Os jovens autores Laurence Dauphinais e Maxime Carboneau são apaixonados por novas tecnologias. Em 2013 outro espetáculo sobre o tema, o IShow recebeu os prêmios de Melhor espetáculo pela Associação dos Críticos de Quebec e o prêmio Buddies in Bad Time Vanguard de risco e inovação, no Summerwork Festival, de Toronto. Em 2015, um esboço do espetáculo SIRI foi apresentado no OFFTA (festival paralelo ao Festival TransAmériques) em Montreal. No formato de um TED TALK, Laurence levantou paradigmas causados ​​pelas novas tecnologias em nossa comunicação e relações humanas. Ela apresentou ao público SIRI, questionando a estreita relação que temos com a tecnologia. SIRI, por sua vez, assumiu o papel de um segundo personagem principal, com igualdade de voz ao lado de Laurence. A partir daí, Laurence e SIRI dividiram a cena face aos espectadores com a mesma força e presença. SIRI provou ser uma musa, um obstáculo, uma coautora e uma artista de atuação imprevisível.

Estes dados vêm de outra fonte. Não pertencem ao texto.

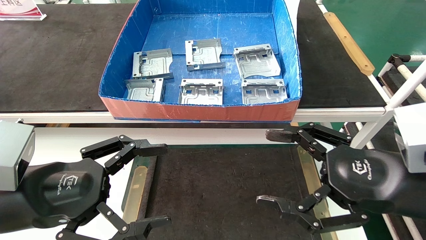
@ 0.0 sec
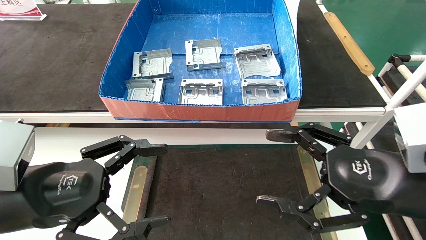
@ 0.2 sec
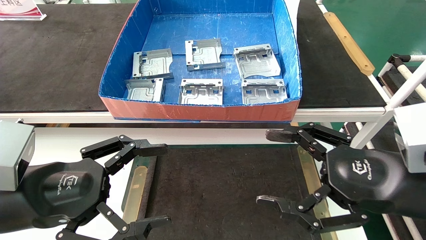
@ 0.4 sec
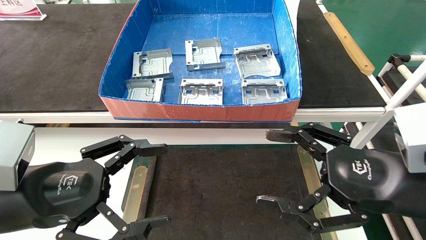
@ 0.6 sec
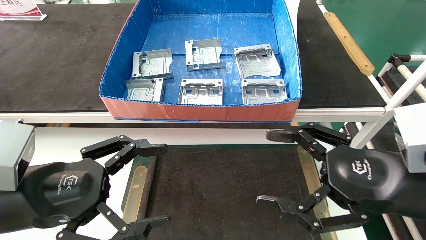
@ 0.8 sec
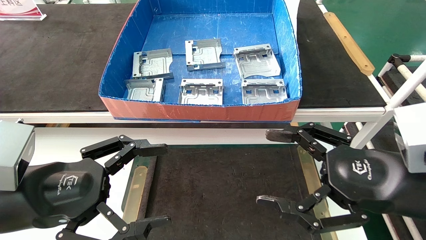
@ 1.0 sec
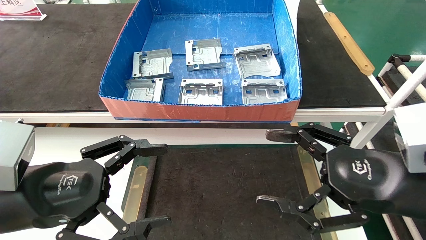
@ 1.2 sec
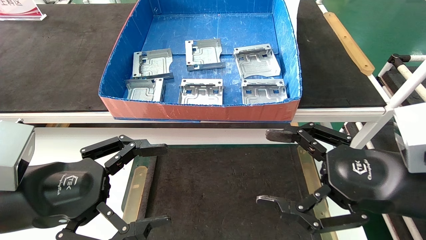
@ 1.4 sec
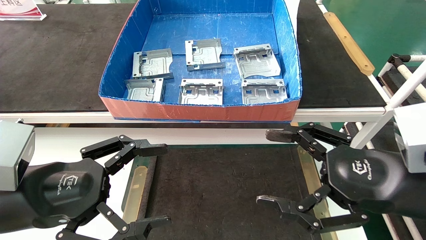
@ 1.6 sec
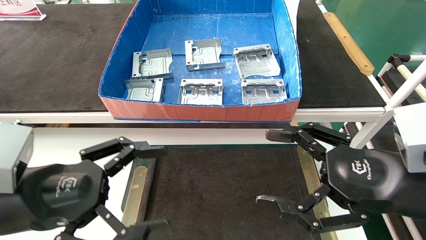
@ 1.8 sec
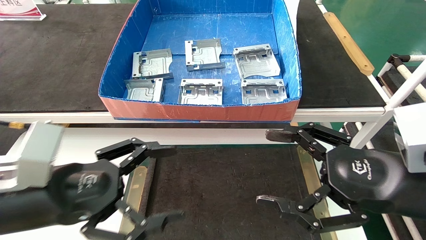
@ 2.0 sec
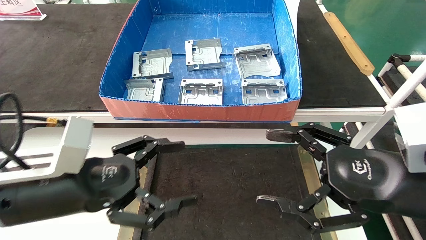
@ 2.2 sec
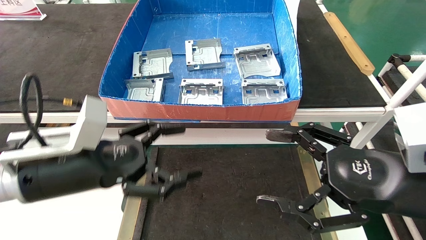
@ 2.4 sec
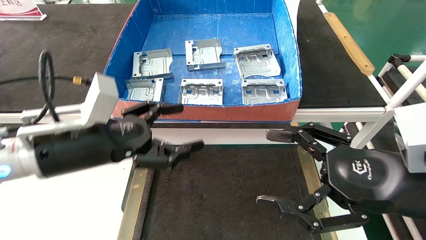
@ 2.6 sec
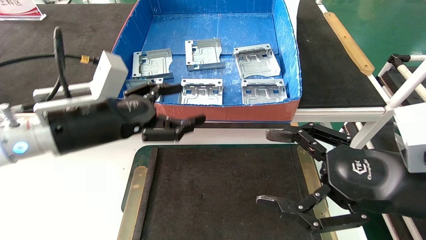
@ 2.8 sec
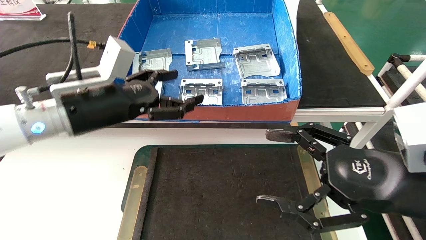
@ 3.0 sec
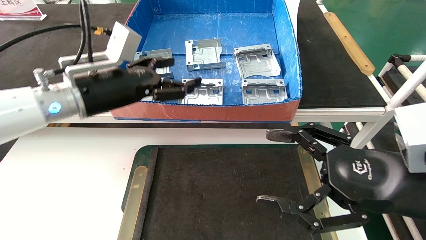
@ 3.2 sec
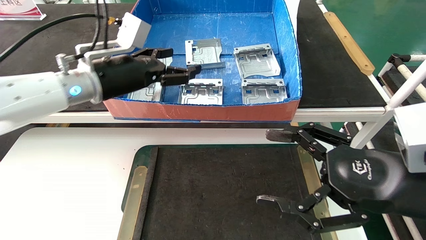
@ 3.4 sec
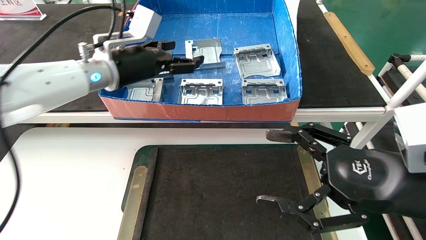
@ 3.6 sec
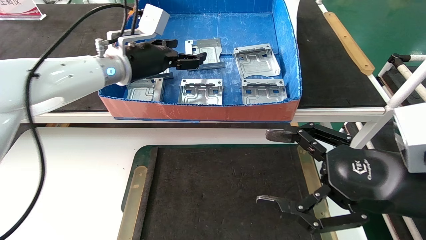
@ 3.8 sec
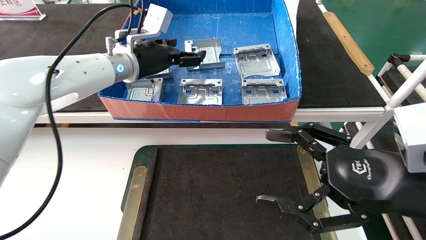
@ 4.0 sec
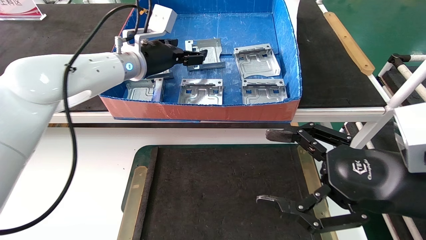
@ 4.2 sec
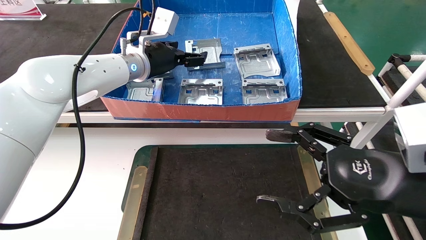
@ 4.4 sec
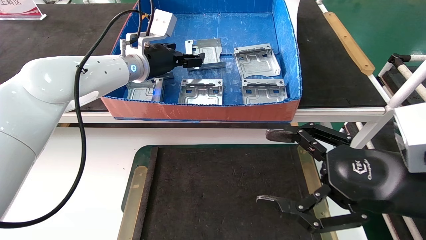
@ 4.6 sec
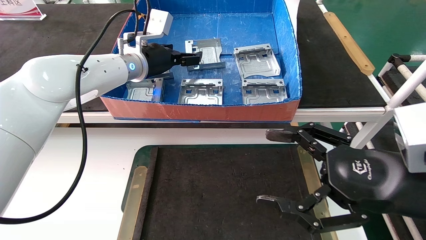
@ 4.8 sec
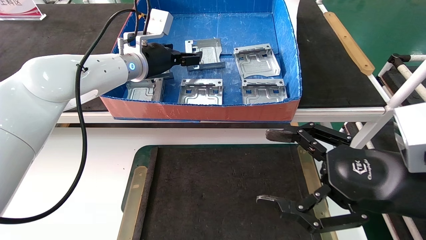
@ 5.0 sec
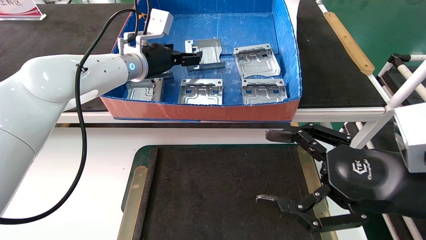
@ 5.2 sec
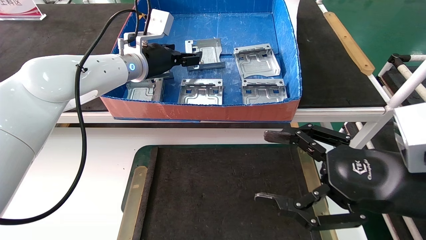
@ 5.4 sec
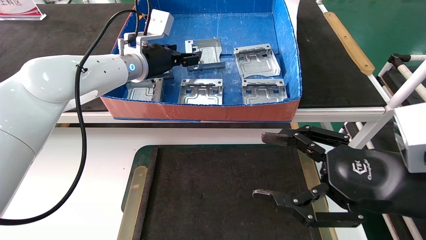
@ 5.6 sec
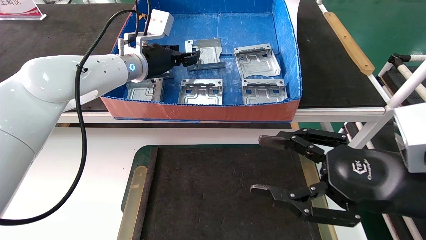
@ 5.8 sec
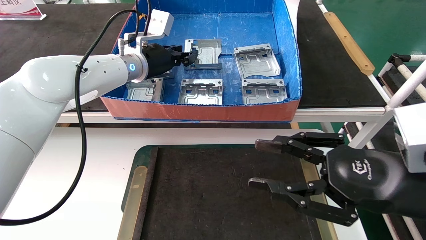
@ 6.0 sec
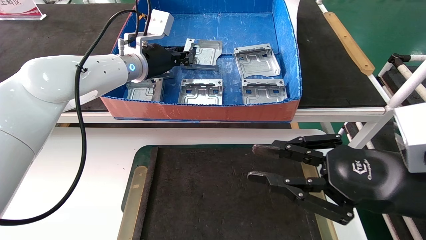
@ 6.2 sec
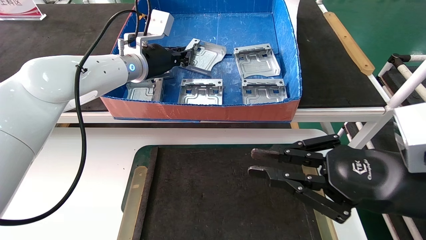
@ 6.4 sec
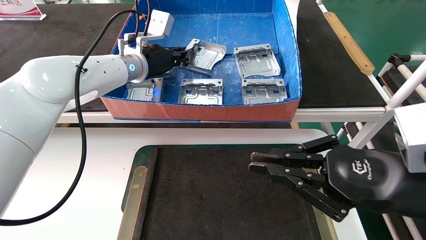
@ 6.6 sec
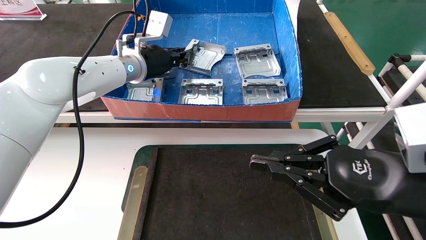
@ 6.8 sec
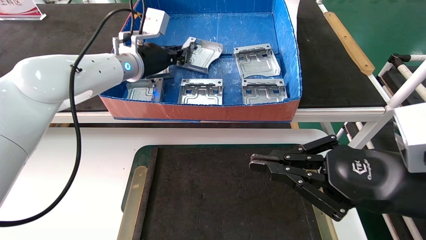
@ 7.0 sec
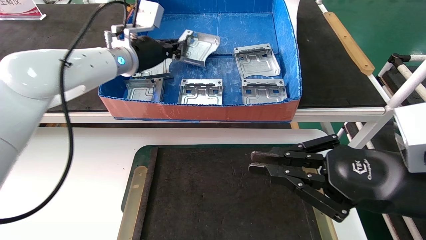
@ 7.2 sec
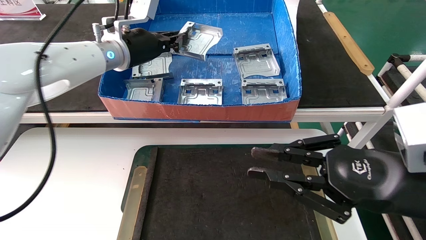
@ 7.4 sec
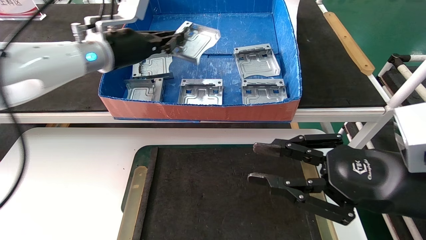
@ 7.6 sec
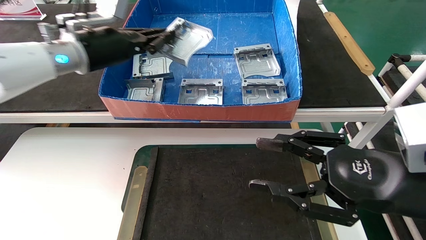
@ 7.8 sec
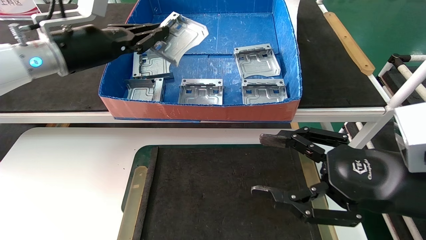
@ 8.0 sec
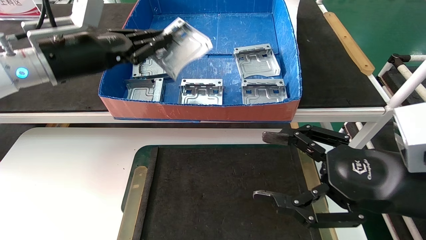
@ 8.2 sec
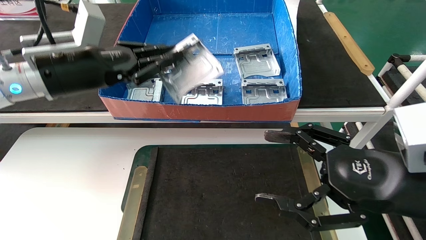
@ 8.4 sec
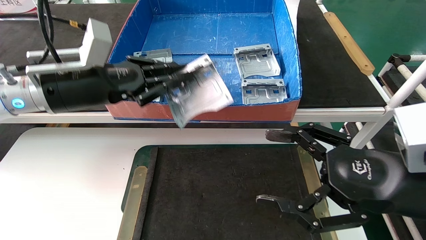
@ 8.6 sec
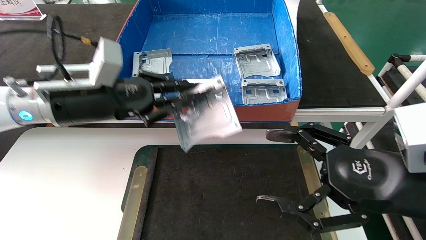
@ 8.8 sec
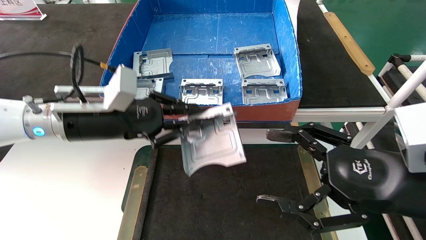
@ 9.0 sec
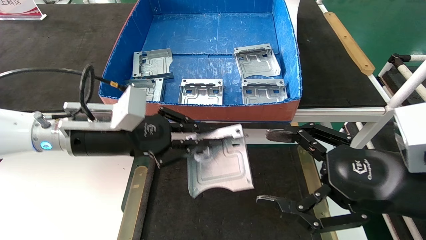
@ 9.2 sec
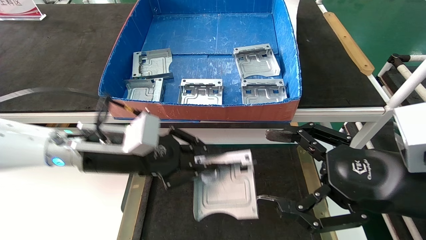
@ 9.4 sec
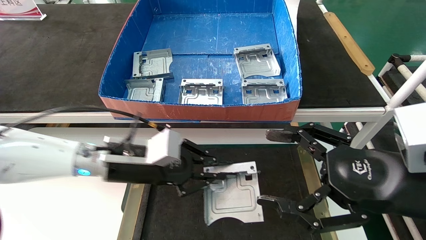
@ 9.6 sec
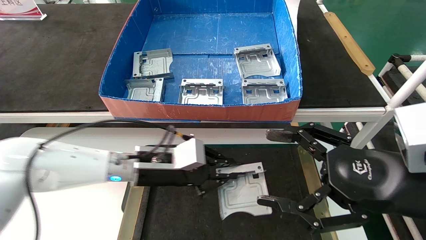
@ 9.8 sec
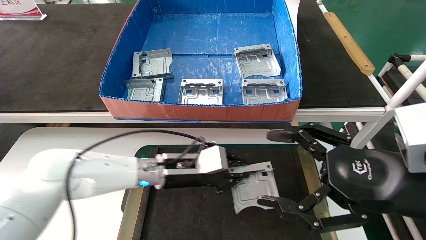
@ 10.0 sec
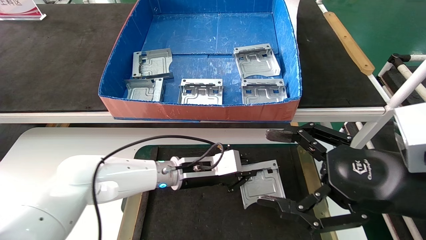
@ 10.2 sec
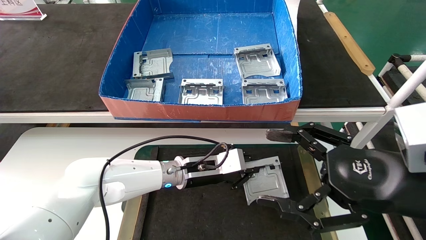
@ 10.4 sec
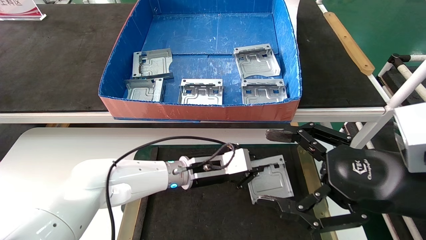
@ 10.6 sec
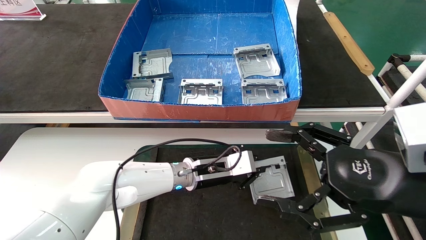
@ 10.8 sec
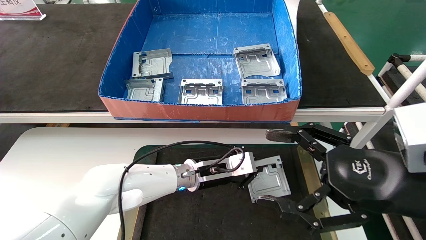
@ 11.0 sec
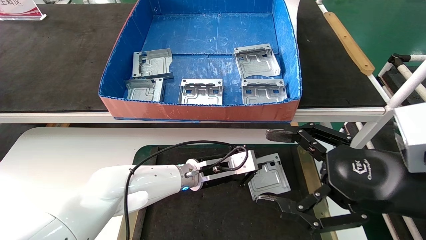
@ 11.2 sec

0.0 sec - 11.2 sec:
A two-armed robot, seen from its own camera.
Task of the whole recording: take the accessories out of the box and place them on the table.
Step, 2.2 sec - 6.4 sec: Pick up the hard drive bracket from the feeding area.
0.0 sec - 1.6 sec: Neither gripper changes place.
1.6 sec - 3.2 sec: The left gripper moves forward and upward, some 20 cm.
3.2 sec - 4.8 sec: The left gripper heads forward and to the right, covering some 15 cm.
4.8 sec - 6.4 sec: The left gripper closes its fingers. The right gripper closes up.
6.4 sec - 8.0 sec: The right gripper opens, while the left gripper is displaced to the left and backward by about 15 cm.
8.0 sec - 9.6 sec: The right gripper opens its fingers, while the left gripper heads downward and to the right, covering approximately 20 cm.
9.6 sec - 11.2 sec: The left gripper goes about 20 cm to the right, downward and forward.

Ainda em 2015, o formato atual foi apresentado no Festival TransAmériques (maior festival de teatro e dança contemporâneos da América do Norte). Desde então, tem sido apresentado em diversos teatros de Montréal e, este ano, fez parte do Festival Fringe de Edimburgo, na Escócia, onde foi sucesso de público e crítica.